> **Material to process**
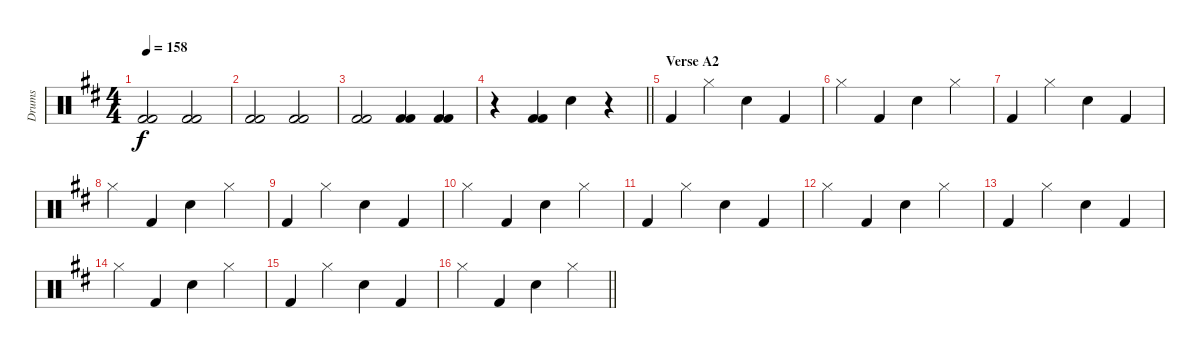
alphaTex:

\track ("Drums" "Drums") {instrument percussion}
\staff {score}
\articulation defaults
\ts (4 4)
\tempo 158
\clef neutral
\ks d
("Kick (hit) 2" "Kick (hit) 2").2{dy f} ("Kick (hit) 2" "Kick (hit) 2").2 |
("Kick (hit) 2" "Kick (hit) 2").2 ("Kick (hit) 2" "Kick (hit) 2").2 |
("Kick (hit) 2" "Kick (hit) 2").2 ("Kick (hit) 2" "Kick (hit) 2").4 ("Kick (hit) 2" "Kick (hit) 2").4 |
\barLineRight lightlight
r.4 ("Kick (hit) 2" "Kick (hit) 2").4 "Snare (hit) 2".4 r.4 |
\section ("" "Verse A2")
"Kick (hit) 2".4 "Hi-Hat (closed)".4 "Snare (hit) 2".4 "Kick (hit) 2".4 |
"Hi-Hat (closed)".4 "Kick (hit) 2".4 "Snare (hit) 2".4 "Hi-Hat (closed)".4 |
"Kick (hit) 2".4 "Hi-Hat (closed)".4 "Snare (hit) 2".4 "Kick (hit) 2".4 |
"Hi-Hat (closed)".4 "Kick (hit) 2".4 "Snare (hit) 2".4 "Hi-Hat (closed)".4 |
"Kick (hit) 2".4 "Hi-Hat (closed)".4 "Snare (hit) 2".4 "Kick (hit) 2".4 |
"Hi-Hat (closed)".4 "Kick (hit) 2".4 "Snare (hit) 2".4 "Hi-Hat (closed)".4 |
"Kick (hit) 2".4 "Hi-Hat (closed)".4 "Snare (hit) 2".4 "Kick (hit) 2".4 |
"Hi-Hat (closed)".4 "Kick (hit) 2".4 "Snare (hit) 2".4 "Hi-Hat (closed)".4 |
"Kick (hit) 2".4 "Hi-Hat (closed)".4 "Snare (hit) 2".4 "Kick (hit) 2".4 |
"Hi-Hat (closed)".4 "Kick (hit) 2".4 "Snare (hit) 2".4 "Hi-Hat (closed)".4 |
"Kick (hit) 2".4 "Hi-Hat (closed)".4 "Snare (hit) 2".4 "Kick (hit) 2".4 |
\barLineRight lightlight "Hi-Hat (closed)".4 "Kick (hit) 2".4 "Snare (hit) 2".4 "Hi-Hat (closed)".4
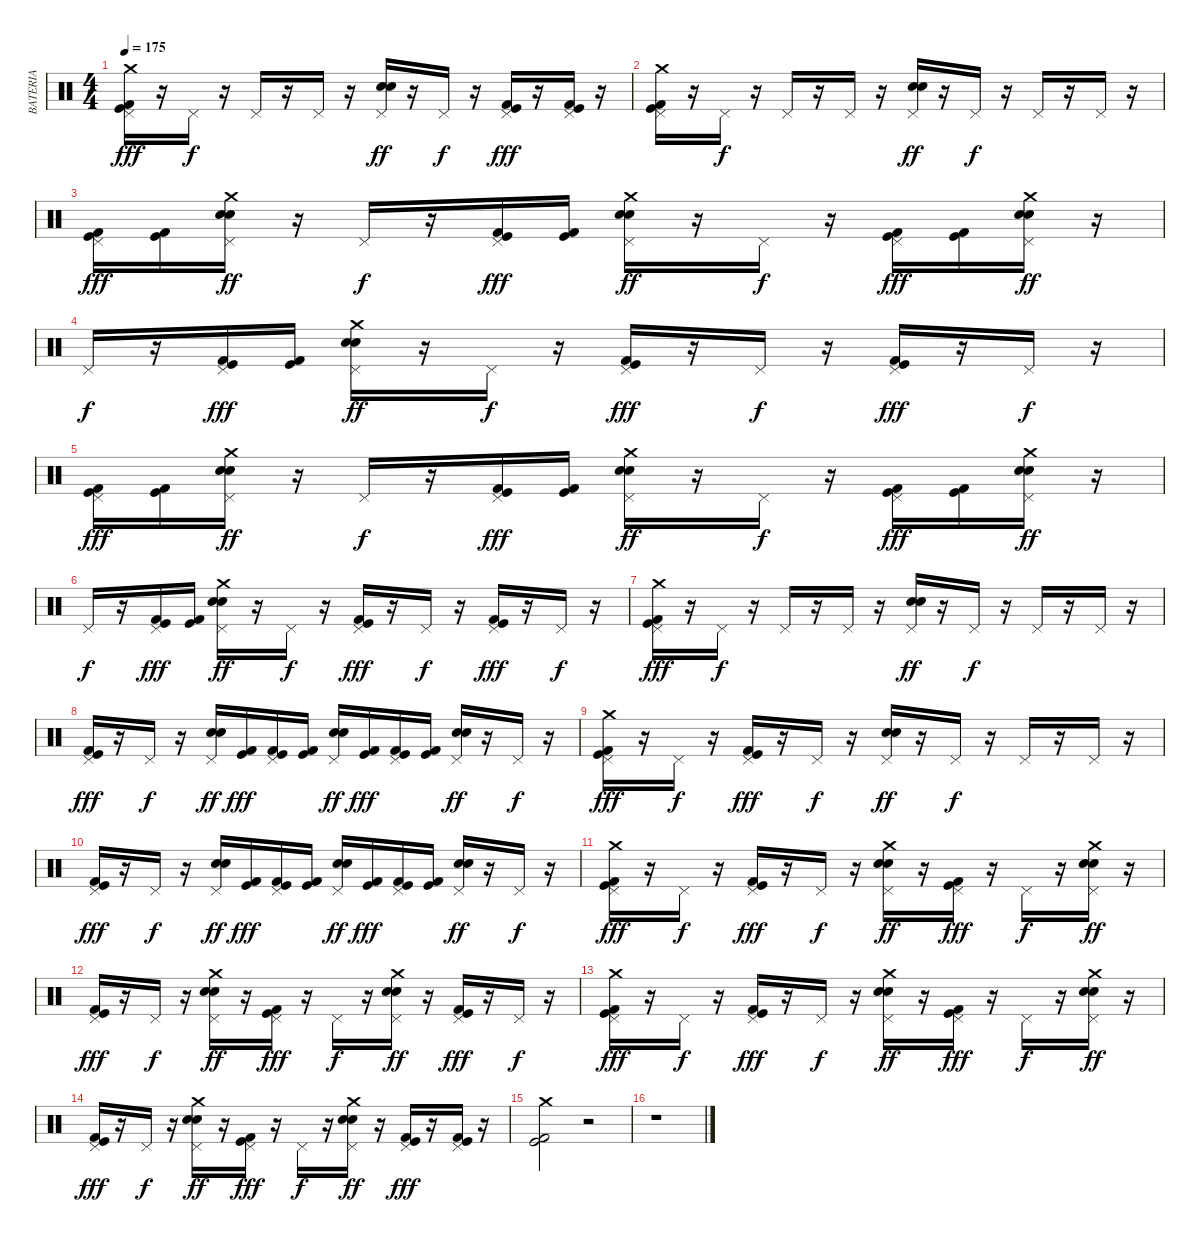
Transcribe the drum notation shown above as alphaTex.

\track ("BATERIA" "BATERIA") {instrument percussion}
\staff {score}
\articulation defaults
\ts (4 4)
\tempo 175
\clef neutral
\ks c
("Crash medium (hit)" "Kick (hit) 2" "Kick (hit)" "Pedal Hi-Hat (hit)").16{dy fff} r.16 "Pedal Hi-Hat (hit)".16{dy f} r.16 "Pedal Hi-Hat (hit)".16 r.16 "Pedal Hi-Hat (hit)".16 r.16 ("Pedal Hi-Hat (hit)" "Snare (hit) 2" "Electric Snare (hit)").16{dy ff} r.16 "Pedal Hi-Hat (hit)".16{dy f} r.16 ("Kick (hit) 2" "Kick (hit)" "Pedal Hi-Hat (hit)").16{dy fff} r.16 ("Kick (hit) 2" "Kick (hit)" "Pedal Hi-Hat (hit)").16 r.16 |
("Crash medium (hit)" "Kick (hit) 2" "Kick (hit)" "Pedal Hi-Hat (hit)").16 r.16 "Pedal Hi-Hat (hit)".16{dy f} r.16 "Pedal Hi-Hat (hit)".16 r.16 "Pedal Hi-Hat (hit)".16 r.16 ("Pedal Hi-Hat (hit)" "Snare (hit) 2" "Electric Snare (hit)").16{dy ff} r.16 "Pedal Hi-Hat (hit)".16{dy f} r.16 "Pedal Hi-Hat (hit)".16 r.16 "Pedal Hi-Hat (hit)".16 r.16 |
("Kick (hit) 2" "Kick (hit)" "Pedal Hi-Hat (hit)").16{dy fff} ("Kick (hit) 2" "Kick (hit)").16 ("Crash medium (hit)" "Electric Snare (hit)" "Snare (hit) 2" "Pedal Hi-Hat (hit)").16{dy ff} r.16 "Pedal Hi-Hat (hit)".16{dy f} r.16 ("Kick (hit) 2" "Kick (hit)" "Pedal Hi-Hat (hit)").16{dy fff} ("Kick (hit) 2" "Kick (hit)").16 ("Crash medium (hit)" "Electric Snare (hit)" "Snare (hit) 2" "Pedal Hi-Hat (hit)").16{dy ff} r.16 "Pedal Hi-Hat (hit)".16{dy f} r.16 ("Kick (hit) 2" "Kick (hit)" "Pedal Hi-Hat (hit)").16{dy fff} ("Kick (hit) 2" "Kick (hit)").16 ("Crash medium (hit)" "Electric Snare (hit)" "Snare (hit) 2" "Pedal Hi-Hat (hit)").16{dy ff} r.16 |
"Pedal Hi-Hat (hit)".16{dy f} r.16 ("Kick (hit) 2" "Kick (hit)" "Pedal Hi-Hat (hit)").16{dy fff} ("Kick (hit) 2" "Kick (hit)").16 ("Crash medium (hit)" "Electric Snare (hit)" "Snare (hit) 2" "Pedal Hi-Hat (hit)").16{dy ff} r.16 "Pedal Hi-Hat (hit)".16{dy f} r.16 ("Kick (hit) 2" "Kick (hit)" "Pedal Hi-Hat (hit)").16{dy fff} r.16 "Pedal Hi-Hat (hit)".16{dy f} r.16 ("Kick (hit) 2" "Kick (hit)" "Pedal Hi-Hat (hit)").16{dy fff} r.16 "Pedal Hi-Hat (hit)".16{dy f} r.16 |
("Kick (hit) 2" "Kick (hit)" "Pedal Hi-Hat (hit)").16{dy fff} ("Kick (hit) 2" "Kick (hit)").16 ("Crash medium (hit)" "Electric Snare (hit)" "Snare (hit) 2" "Pedal Hi-Hat (hit)").16{dy ff} r.16 "Pedal Hi-Hat (hit)".16{dy f} r.16 ("Kick (hit) 2" "Kick (hit)" "Pedal Hi-Hat (hit)").16{dy fff} ("Kick (hit) 2" "Kick (hit)").16 ("Crash medium (hit)" "Electric Snare (hit)" "Snare (hit) 2" "Pedal Hi-Hat (hit)").16{dy ff} r.16 "Pedal Hi-Hat (hit)".16{dy f} r.16 ("Kick (hit) 2" "Kick (hit)" "Pedal Hi-Hat (hit)").16{dy fff} ("Kick (hit) 2" "Kick (hit)").16 ("Crash medium (hit)" "Electric Snare (hit)" "Snare (hit) 2" "Pedal Hi-Hat (hit)").16{dy ff} r.16 |
"Pedal Hi-Hat (hit)".16{dy f} r.16 ("Kick (hit) 2" "Kick (hit)" "Pedal Hi-Hat (hit)").16{dy fff} ("Kick (hit) 2" "Kick (hit)").16 ("Crash medium (hit)" "Electric Snare (hit)" "Snare (hit) 2" "Pedal Hi-Hat (hit)").16{dy ff} r.16 "Pedal Hi-Hat (hit)".16{dy f} r.16 ("Kick (hit) 2" "Kick (hit)" "Pedal Hi-Hat (hit)").16{dy fff} r.16 "Pedal Hi-Hat (hit)".16{dy f} r.16 ("Pedal Hi-Hat (hit)" "Kick (hit)" "Kick (hit) 2").16{dy fff} r.16 "Pedal Hi-Hat (hit)".16{dy f} r.16 |
("Pedal Hi-Hat (hit)" "Kick (hit)" "Kick (hit) 2" "Crash medium (hit)").16{dy fff} r.16 "Pedal Hi-Hat (hit)".16{dy f} r.16 "Pedal Hi-Hat (hit)".16 r.16 "Pedal Hi-Hat (hit)".16 r.16 ("Electric Snare (hit)" "Snare (hit) 2" "Pedal Hi-Hat (hit)").16{dy ff} r.16 "Pedal Hi-Hat (hit)".16{dy f} r.16 "Pedal Hi-Hat (hit)".16 r.16 "Pedal Hi-Hat (hit)".16 r.16 |
("Kick (hit) 2" "Kick (hit)" "Pedal Hi-Hat (hit)").16{dy fff} r.16 "Pedal Hi-Hat (hit)".16{dy f} r.16 ("Electric Snare (hit)" "Snare (hit) 2" "Pedal Hi-Hat (hit)").16{dy ff} ("Kick (hit)" "Kick (hit) 2").16{dy fff} ("Kick (hit) 2" "Kick (hit)" "Pedal Hi-Hat (hit)").16 ("Kick (hit)" "Kick (hit) 2").16 ("Electric Snare (hit)" "Snare (hit) 2" "Pedal Hi-Hat (hit)").16{dy ff} ("Kick (hit)" "Kick (hit) 2").16{dy fff} ("Kick (hit) 2" "Kick (hit)" "Pedal Hi-Hat (hit)").16 ("Kick (hit)" "Kick (hit) 2").16 ("Electric Snare (hit)" "Snare (hit) 2" "Pedal Hi-Hat (hit)").16{dy ff} r.16 "Pedal Hi-Hat (hit)".16{dy f} r.16 |
("Pedal Hi-Hat (hit)" "Kick (hit)" "Kick (hit) 2" "Crash medium (hit)").16{dy fff} r.16 "Pedal Hi-Hat (hit)".16{dy f} r.16 ("Kick (hit) 2" "Kick (hit)" "Pedal Hi-Hat (hit)").16{dy fff} r.16 "Pedal Hi-Hat (hit)".16{dy f} r.16 ("Electric Snare (hit)" "Snare (hit) 2" "Pedal Hi-Hat (hit)").16{dy ff} r.16 "Pedal Hi-Hat (hit)".16{dy f} r.16 "Pedal Hi-Hat (hit)".16 r.16 "Pedal Hi-Hat (hit)".16 r.16 |
("Kick (hit) 2" "Kick (hit)" "Pedal Hi-Hat (hit)").16{dy fff} r.16 "Pedal Hi-Hat (hit)".16{dy f} r.16 ("Electric Snare (hit)" "Snare (hit) 2" "Pedal Hi-Hat (hit)").16{dy ff} ("Kick (hit)" "Kick (hit) 2").16{dy fff} ("Kick (hit) 2" "Kick (hit)" "Pedal Hi-Hat (hit)").16 ("Kick (hit)" "Kick (hit) 2").16 ("Electric Snare (hit)" "Snare (hit) 2" "Pedal Hi-Hat (hit)").16{dy ff} ("Kick (hit)" "Kick (hit) 2").16{dy fff} ("Kick (hit) 2" "Kick (hit)" "Pedal Hi-Hat (hit)").16 ("Kick (hit)" "Kick (hit) 2").16 ("Electric Snare (hit)" "Snare (hit) 2" "Pedal Hi-Hat (hit)").16{dy ff} r.16 "Pedal Hi-Hat (hit)".16{dy f} r.16 |
("Pedal Hi-Hat (hit)" "Kick (hit)" "Kick (hit) 2" "Crash medium (hit)").16{dy fff} r.16 "Pedal Hi-Hat (hit)".16{dy f} r.16 ("Kick (hit) 2" "Kick (hit)" "Pedal Hi-Hat (hit)").16{dy fff} r.16 "Pedal Hi-Hat (hit)".16{dy f} r.16 ("Crash medium (hit)" "Electric Snare (hit)" "Snare (hit) 2" "Pedal Hi-Hat (hit)").16{dy ff} r.16 ("Kick (hit) 2" "Kick (hit)" "Pedal Hi-Hat (hit)").16{dy fff} r.16 "Pedal Hi-Hat (hit)".16{dy f} r.16 ("Crash medium (hit)" "Electric Snare (hit)" "Snare (hit) 2" "Pedal Hi-Hat (hit)").16{dy ff} r.16 |
("Kick (hit) 2" "Kick (hit)" "Pedal Hi-Hat (hit)").16{dy fff} r.16 "Pedal Hi-Hat (hit)".16{dy f} r.16 ("Crash medium (hit)" "Electric Snare (hit)" "Snare (hit) 2" "Pedal Hi-Hat (hit)").16{dy ff} r.16 ("Kick (hit) 2" "Kick (hit)" "Pedal Hi-Hat (hit)").16{dy fff} r.16 "Pedal Hi-Hat (hit)".16{dy f} r.16 ("Crash medium (hit)" "Electric Snare (hit)" "Snare (hit) 2" "Pedal Hi-Hat (hit)").16{dy ff} r.16 ("Kick (hit) 2" "Kick (hit)" "Pedal Hi-Hat (hit)").16{dy fff} r.16 "Pedal Hi-Hat (hit)".16{dy f} r.16 |
("Pedal Hi-Hat (hit)" "Kick (hit)" "Kick (hit) 2" "Crash medium (hit)").16{dy fff} r.16 "Pedal Hi-Hat (hit)".16{dy f} r.16 ("Kick (hit) 2" "Kick (hit)" "Pedal Hi-Hat (hit)").16{dy fff} r.16 "Pedal Hi-Hat (hit)".16{dy f} r.16 ("Crash medium (hit)" "Electric Snare (hit)" "Snare (hit) 2" "Pedal Hi-Hat (hit)").16{dy ff} r.16 ("Kick (hit) 2" "Kick (hit)" "Pedal Hi-Hat (hit)").16{dy fff} r.16 "Pedal Hi-Hat (hit)".16{dy f} r.16 ("Crash medium (hit)" "Electric Snare (hit)" "Snare (hit) 2" "Pedal Hi-Hat (hit)").16{dy ff} r.16 |
("Kick (hit) 2" "Kick (hit)" "Pedal Hi-Hat (hit)").16{dy fff} r.16 "Pedal Hi-Hat (hit)".16{dy f} r.16 ("Crash medium (hit)" "Electric Snare (hit)" "Snare (hit) 2" "Pedal Hi-Hat (hit)").16{dy ff} r.16 ("Kick (hit) 2" "Kick (hit)" "Pedal Hi-Hat (hit)").16{dy fff} r.16 "Pedal Hi-Hat (hit)".16{dy f} r.16 ("Crash medium (hit)" "Electric Snare (hit)" "Snare (hit) 2" "Pedal Hi-Hat (hit)").16{dy ff} r.16 ("Kick (hit) 2" "Kick (hit)" "Pedal Hi-Hat (hit)").16{dy fff} r.16 ("Kick (hit) 2" "Kick (hit)" "Pedal Hi-Hat (hit)").16 r.16 |
("Kick (hit) 2" "Kick (hit)" "Crash medium (hit)").2 r.2 |
r.1

> **Assignment**
In the entries above, how many lines include the word "lightlight"? Give only that number.

> **Response area**
2